Empty chairs in a classroom
Will we initially be returning to empty classrooms?

What the government expects you to do this September

From Autumn 2020 the UK government expects you to:

  • provide a full programme of study and training offer for learners of all ages from your normal term start date in September 2020, including those with special educational needs and disabilities (SEND) (with or without an EHC plan)
  • make sure that individual learners are undertaking their full study programme, in as far as they can in compliance with wider government guidance, and that it is of a sufficient standard to meet relevant funding requirements (this should include evidence for any elements completed remotely)
  • decide the appropriate mix of face to face and remote delivery – post-16 learners are more likely to undertake self-directed study but may still need additional support, you should make sure that planned hours meet the relevant funding guidance as set out in funding guidance for young people 2020 to 2021
  • assess the gaps in learners’ knowledge and skills early in the autumn term, focusing on the most important content and prioritise this to help learners to catch up
  • put in place additional support for vulnerable and disadvantaged young people, including identifying if they need support to access any remote delivery
  • identify and put in place plans to manage any safeguarding concerns
  • develop remote education so that it is integrated into planning:

Remote education may need to be an essential component of delivery for some pupils, alongside classroom teaching, or in the case of a local lockdown. You are therefore expected to plan to ensure anyone who needs to stay at home for some of the time is given the support they need to make good progress. Where a class, group or small number of learners need to self-isolate, or there is a local lockdown requiring learners to remain at home, we expect you to have the capacity to offer immediate remote education.

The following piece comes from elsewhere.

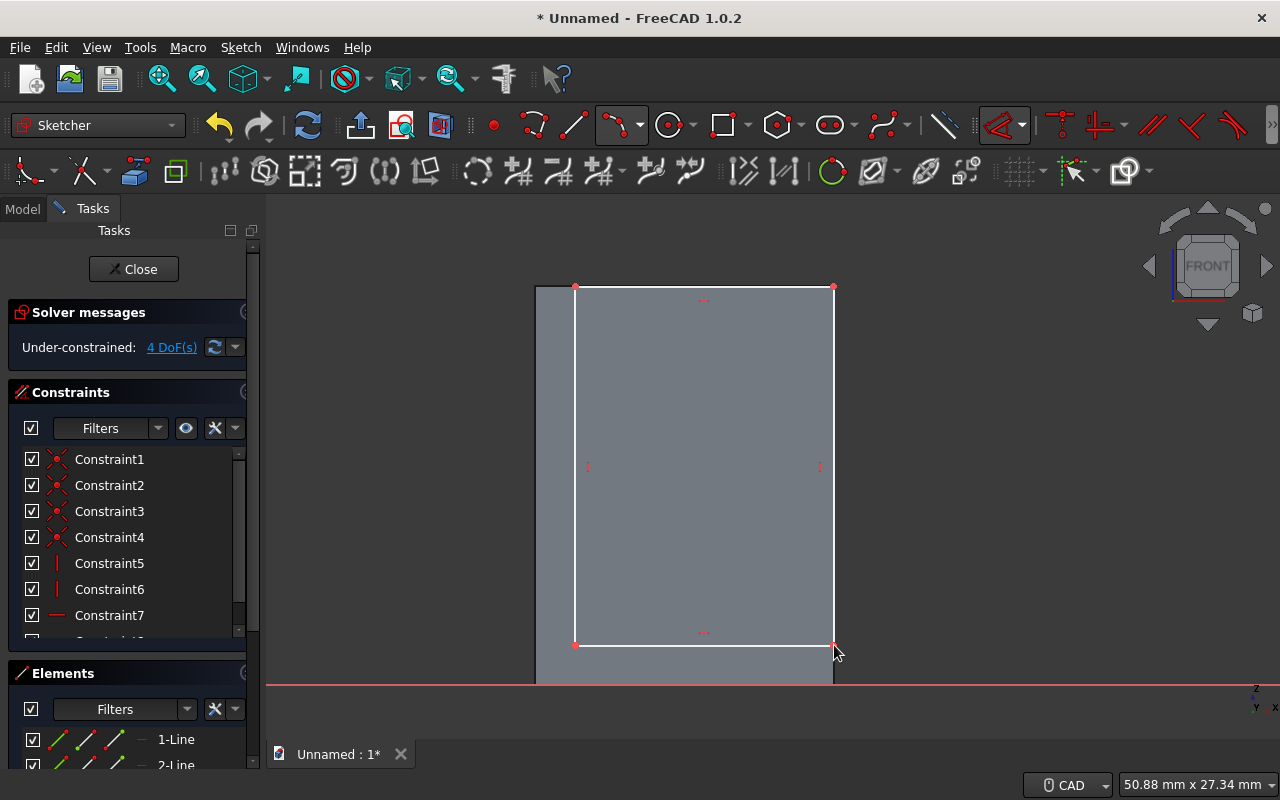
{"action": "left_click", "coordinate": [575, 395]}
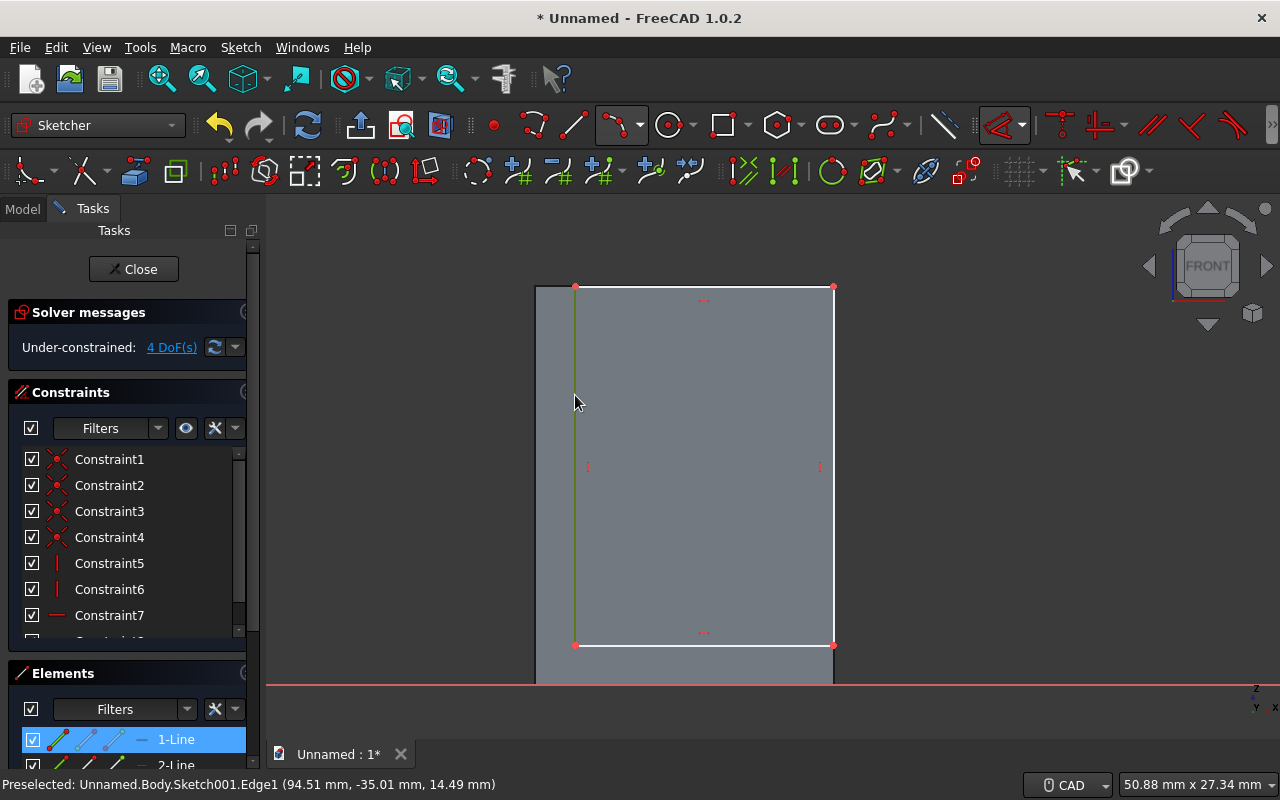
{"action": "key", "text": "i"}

You are expected to consider how to continue to improve the quality of your existing offer and have a strong contingency plan in place for remote education provision by the end of September, for all provision apart from that which requires face to face delivery e.g. occupational competence provision. This planning will be particularly important to support a scenario in which the logistical challenges of remote provision are greatest, for example where large numbers of learners are required to remain at home.

Onsite learning can also continue to be complemented by high-quality remote learning if it meets learners’ needs.

Source: https://www.gov.uk/government/publications/coronavirus-covid-19-maintaining-further-education-provision/what-fe-colleges-and-providers-will-need-to-do-from-the-start-of-the-2020-autumn-term

Contingency plans using remote learning

So we are now in a situation where the government want colleges to have plans in place to deliver remote learning because there is a risk that:

  • Colleges may need to close because of Covid outbreaks
  • Students may not be able to attend because they are ill
  • Staff may not be able to work because they are ill
  • Some students / staff may fall into shielded groups and may not be able to attend

Pauline has already written an article here about how the Travel Training Academy can help support remote delivery and you can read that here.  However, I wanted to focus in on one thing; helping you plan a remote induction should the need arise.

Student induction

You probably already know that induction is a critical part of the student experience.  Good inductions lay the foundations for getting students settled, orientated and ready to start learning.  Bad inductions, well, at best it means a poor first impression for your students, in extreme cases you’ll lose the student before they even start.

Remote inductions

It’s far from ideal but we need to consider that there is a possibility you won’t be able to deliver a face to face induction.  If this is the case, then it’s even more important to be able to provide a really strong, well planned and welcoming induction session for your students. Good online inductions consist of two main elements.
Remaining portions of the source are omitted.